* [Instructions to follow]: In the data, find each line where the word "Could" appears and list that line.

*** Record set Section Begins ***

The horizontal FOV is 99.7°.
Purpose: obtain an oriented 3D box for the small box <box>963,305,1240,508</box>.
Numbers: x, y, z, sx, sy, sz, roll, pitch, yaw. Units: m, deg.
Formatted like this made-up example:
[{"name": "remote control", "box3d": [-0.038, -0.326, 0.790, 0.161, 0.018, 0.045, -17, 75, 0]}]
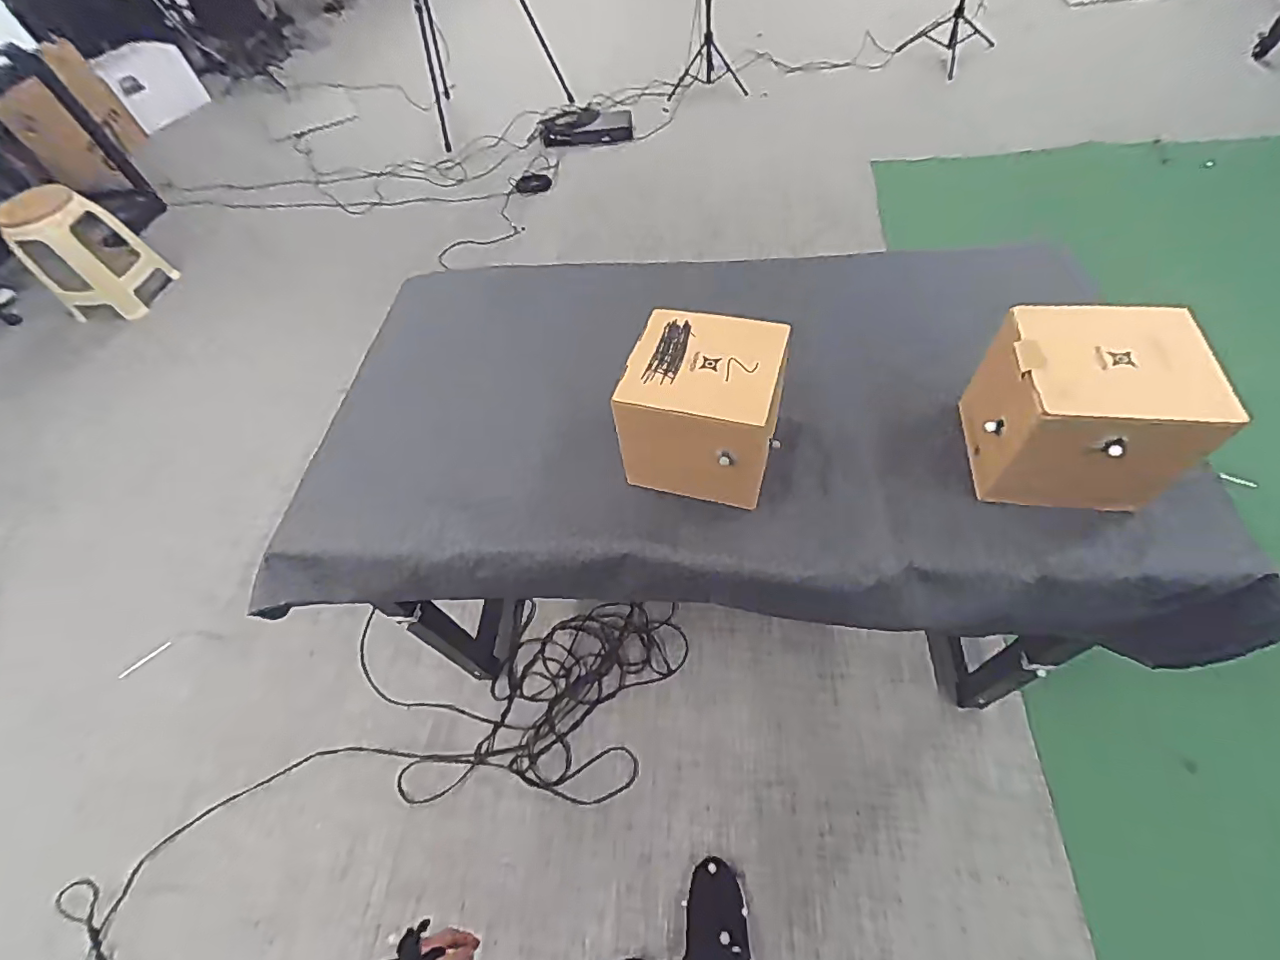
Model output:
[{"name": "small box", "box3d": [0.499, -0.081, 0.627, 0.179, 0.176, 0.168, 5, 58, 11]}]
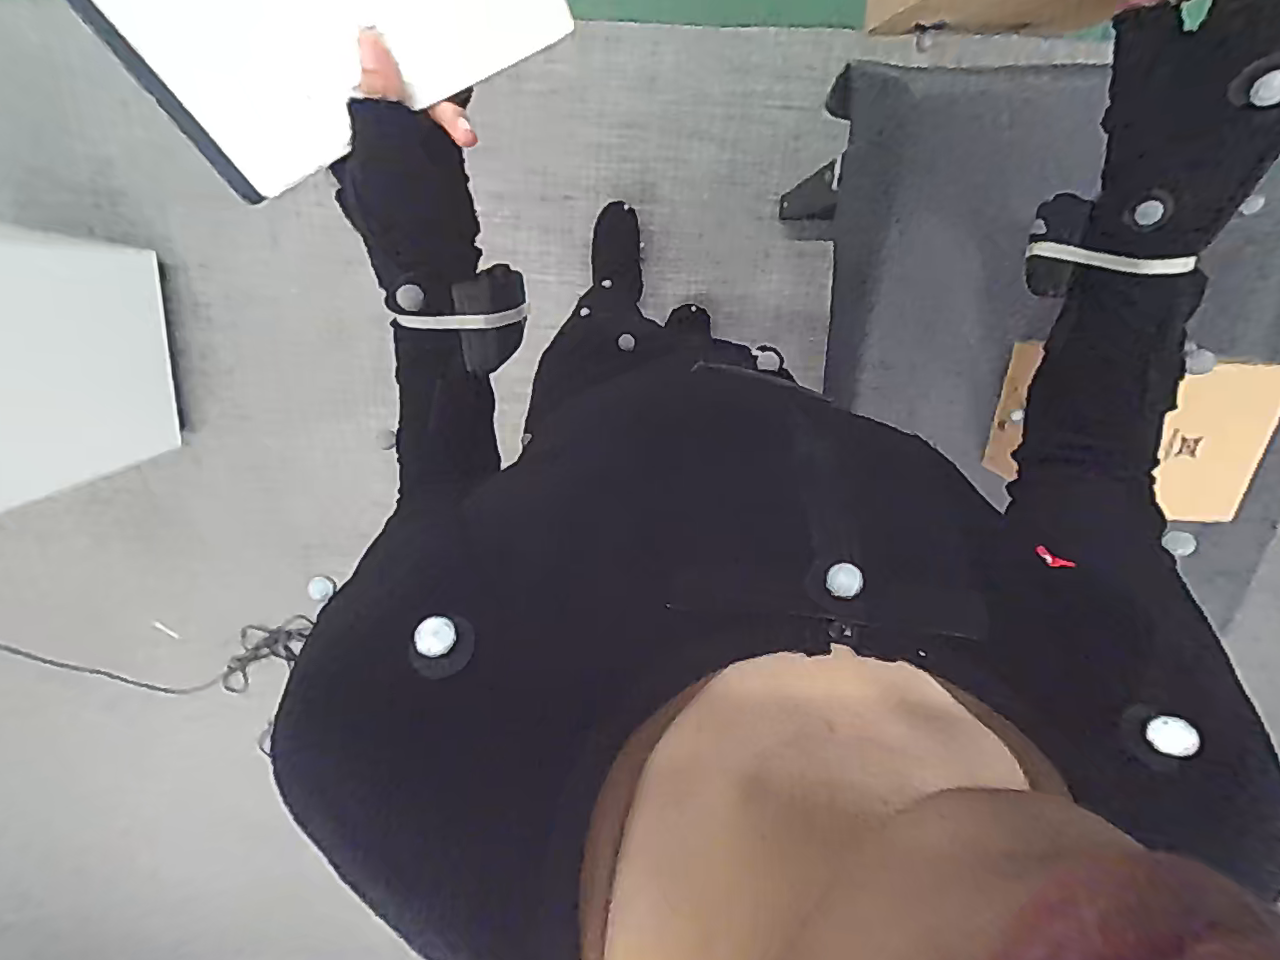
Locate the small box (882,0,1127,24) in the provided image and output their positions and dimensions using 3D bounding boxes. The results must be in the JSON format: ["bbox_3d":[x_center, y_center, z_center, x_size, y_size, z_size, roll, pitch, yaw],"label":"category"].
[{"bbox_3d":[0.239,-0.364,0.277,0.168,0.176,0.179,-5,116,-4],"label":"small box"}]

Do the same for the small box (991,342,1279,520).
[{"bbox_3d":[0.555,-0.064,0.620,0.179,0.176,0.168,3,110,1],"label":"small box"}]
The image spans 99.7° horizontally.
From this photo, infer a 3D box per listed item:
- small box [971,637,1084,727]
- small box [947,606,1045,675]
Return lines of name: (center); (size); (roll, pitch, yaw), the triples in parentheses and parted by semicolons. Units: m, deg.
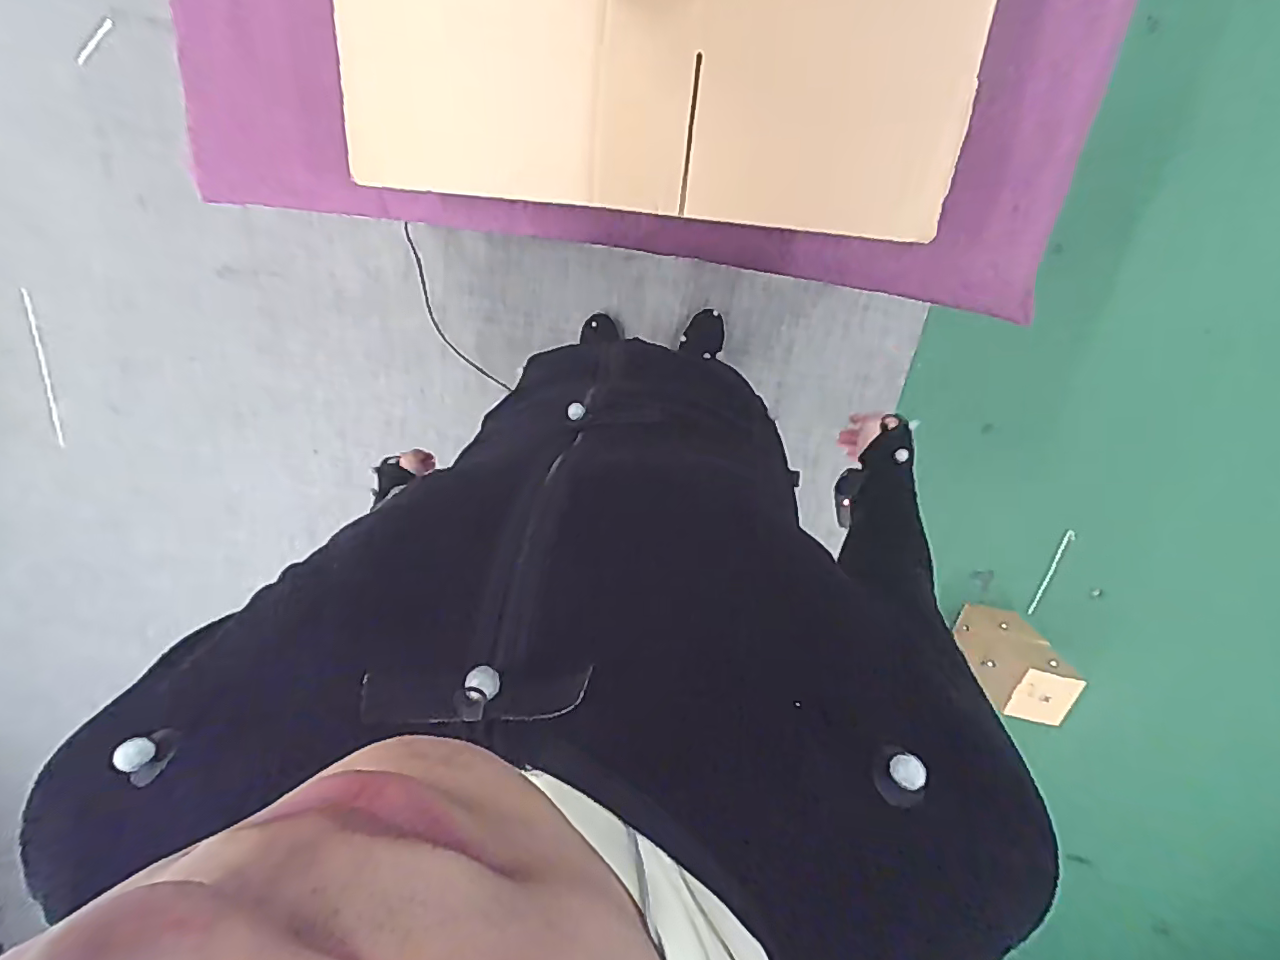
small box: (1.135, 0.590, 1.599); (0.179, 0.176, 0.168); (14, 110, -3)
small box: (1.145, 0.531, 1.753); (0.179, 0.176, 0.168); (12, 110, -2)
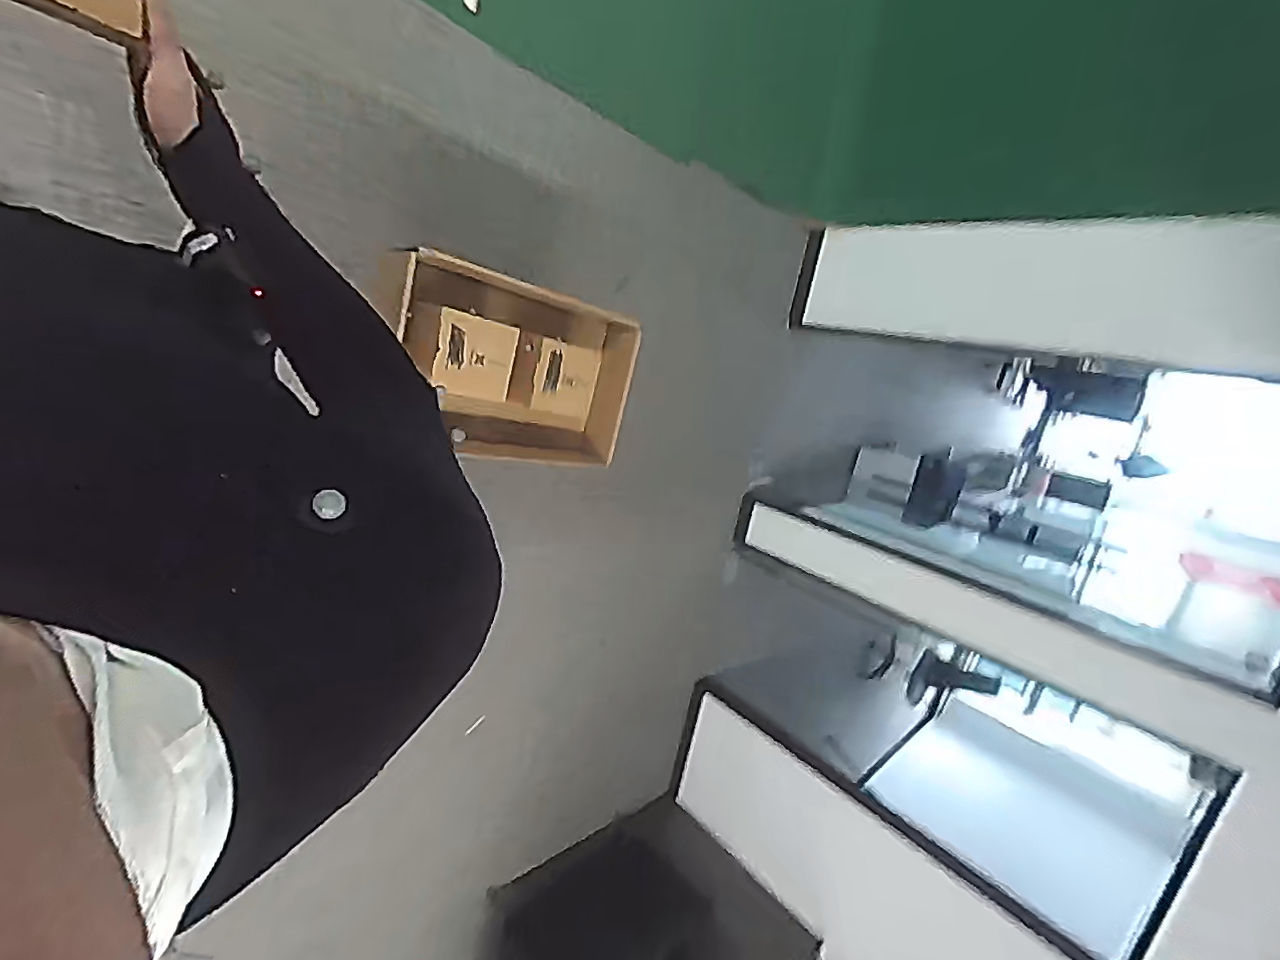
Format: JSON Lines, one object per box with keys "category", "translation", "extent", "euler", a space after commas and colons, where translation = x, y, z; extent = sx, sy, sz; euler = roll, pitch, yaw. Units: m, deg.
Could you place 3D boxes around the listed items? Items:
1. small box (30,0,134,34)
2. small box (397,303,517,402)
{"category": "small box", "translation": [-0.438, -0.428, 0.341], "extent": [0.168, 0.176, 0.179], "euler": [-3, 122, -46]}
{"category": "small box", "translation": [-0.398, -0.276, 1.165], "extent": [0.179, 0.176, 0.168], "euler": [5, 104, -47]}
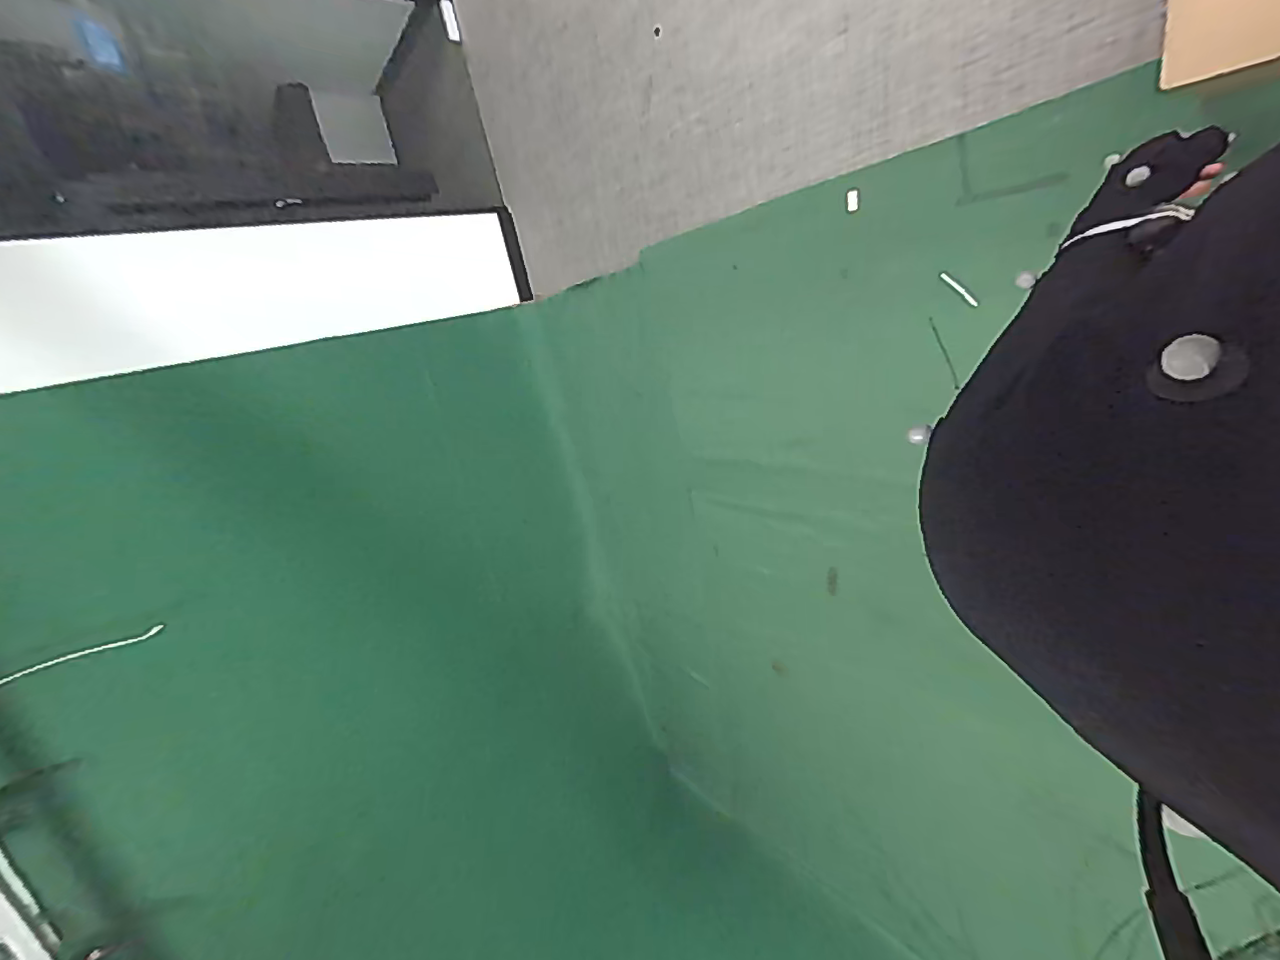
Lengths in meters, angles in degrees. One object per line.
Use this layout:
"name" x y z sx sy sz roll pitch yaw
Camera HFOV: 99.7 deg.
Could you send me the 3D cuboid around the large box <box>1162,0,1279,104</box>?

*** Record set Section Ends ***

* [Exercise output]:
Could you place 3D boxes around the listed items? Items:
Could you send me the 3D cuboid around the large box <box>1162,0,1279,104</box>?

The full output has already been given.